Without intending to limit the promoter sequence to any particular sequence, in one preferred embodiment, the promoter sequence comprises an adenovirus type 2-associated RNA I gene promoter sequence. In a yet more preferred embodiment, the promoter sequence further comprises a promoter sequence selected from the group consisting of tRNA, CMV, RSV, SV40, PEPCK, MT, SRxcex1, P450 family, GAL7, T7, T3, SP6, K11 and heat shock protein promoter sequences. In an alternative preferred embodiment, the promoter sequence comprises a CMV promoter sequence, a T7 promoter sequence, and a vaRNA I promoter sequence.

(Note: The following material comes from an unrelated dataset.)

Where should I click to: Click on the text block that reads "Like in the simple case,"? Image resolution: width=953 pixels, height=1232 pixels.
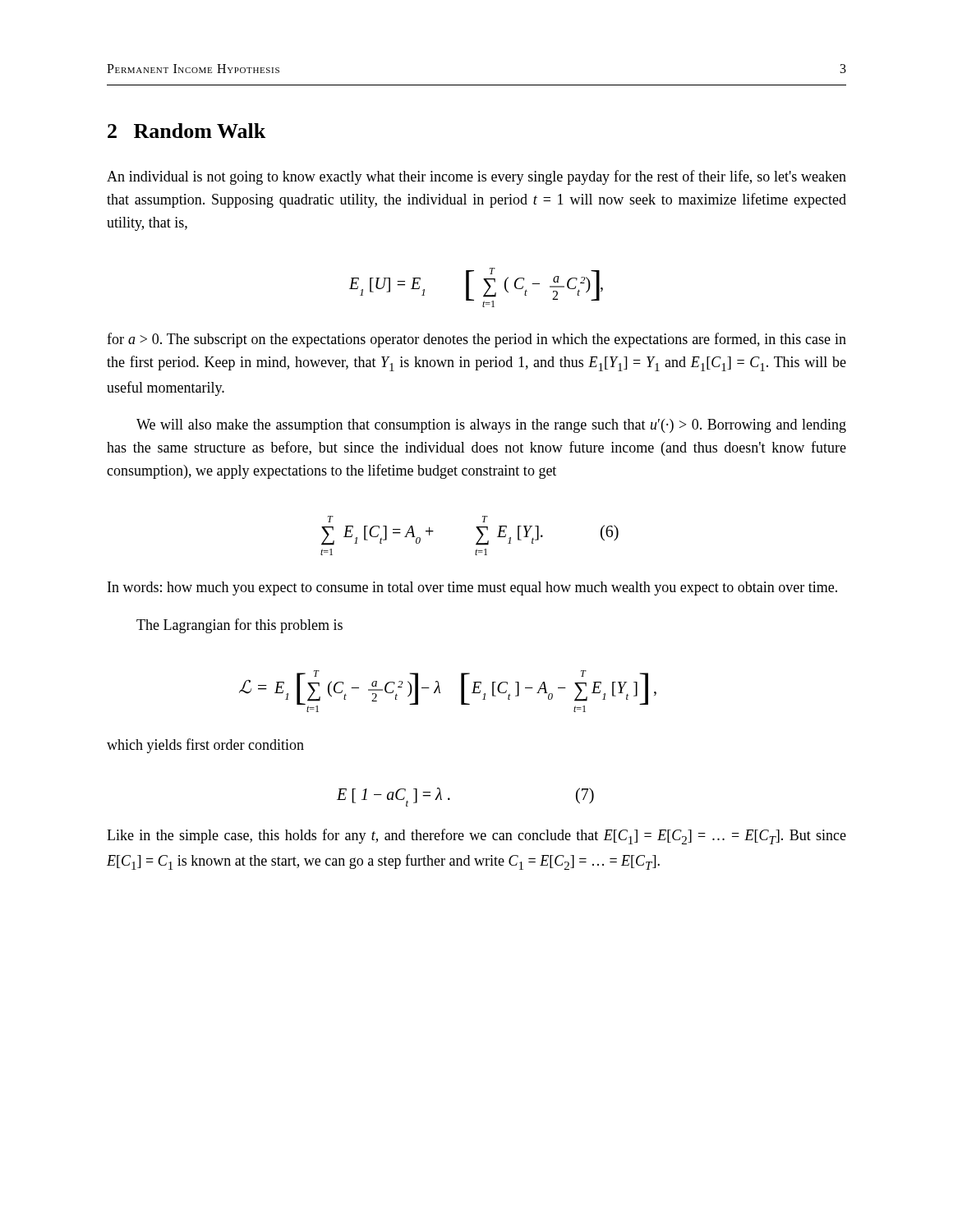click(476, 850)
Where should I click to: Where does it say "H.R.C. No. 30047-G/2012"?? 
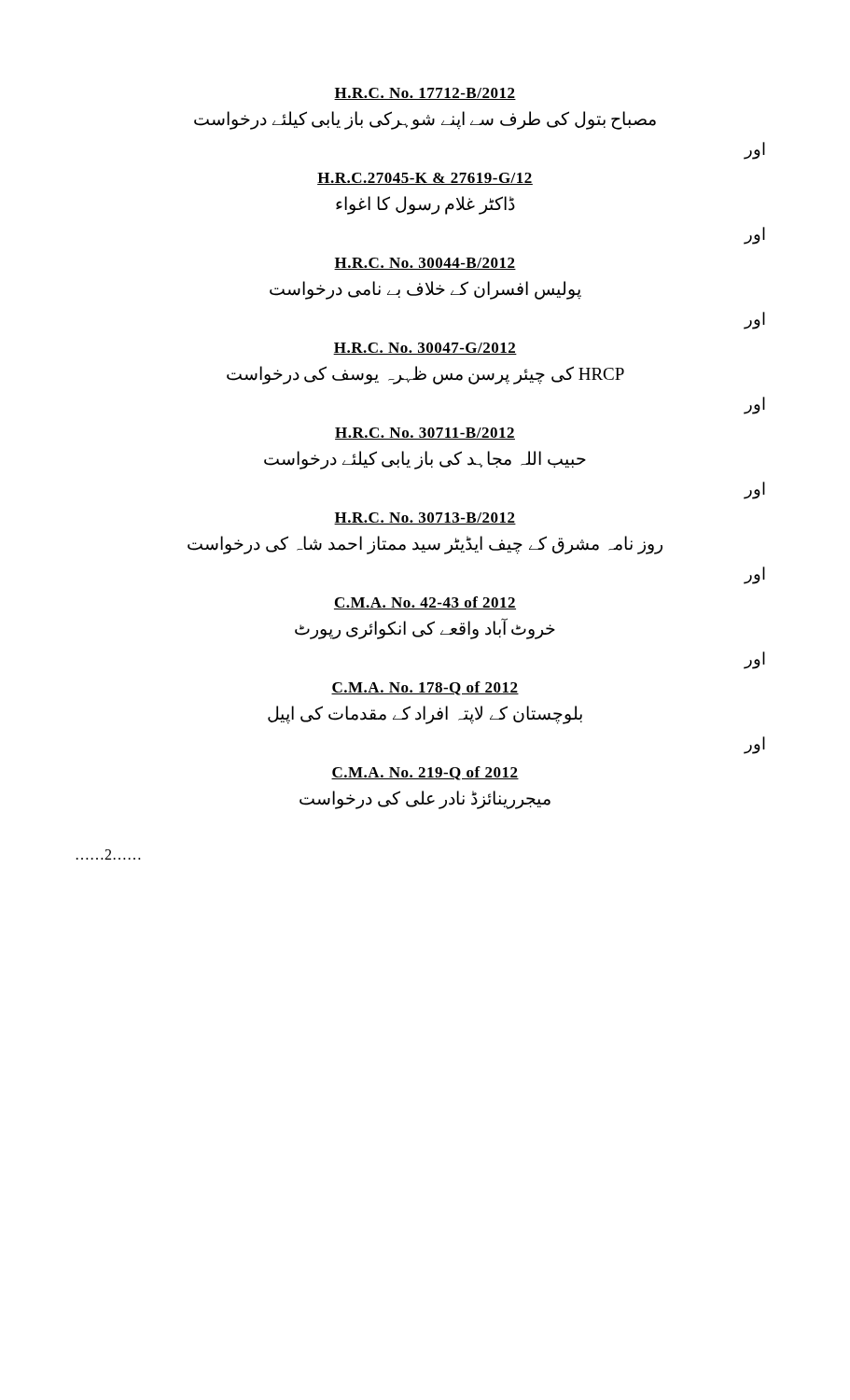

Although it is not intended that the scope of the invention be limited to any particular cell type, in one preferred embodiment, the derived cell is an embryonic cell.
Additionally, it is contemplated that the methods of the invention are not limited to any particular type of expression. In one preferred embodiment, expression is transient. In an alternative preferred embodiment the expression is stable.
The invention further provides a method for identifying one or more functions of a first DNA sequence comprised in a genome of a first organism, comprising: a) providing: i) an oocyte derived from a second organism, wherein the derived oocyte comprises a genome comprising a second DNA sequence homologous to the first DNA sequence, and wherein the second DNA sequence encodes an RNA sequence; and ii) a ribozyme sequence capable of cleaving the RNA sequence; b) introducing the ribozyme sequence into the derived oocyte to generate a manipulated oocyte, wherein the introducing is under conditions such that the RNA sequence is cleaved by the ribozyme sequence; and c) detecting one or more changes in the manipulated oocyte relative to the derived oocyte thereby identifying at least one function for the first DNA sequence in the first organism.
Also provided ny the present invention is a method for identifying one or more functions of a first DNA sequence comprised in a genome of a first organism, comprising: a) providing: i) a cell derived from a second organism, wherein the derived cell is transparent and comprises a genome comprising a second DNA sequence homologous to the first DNA sequence, and wherein the second DNA sequence encodes an RNA sequence; and ii) a ribozyme sequence capable of cleaving the RNA sequence; b) introducing the ribozyme sequence into the derived cell to generate a manipulated cell, wherein the introducing is under conditions such that the RNA sequence is cleaved by the ribozyme sequence; and c) detecting one or more changes in the manipulated cell relative to the derived cell thereby identifying at least one function for the first DNA sequence in the first organism.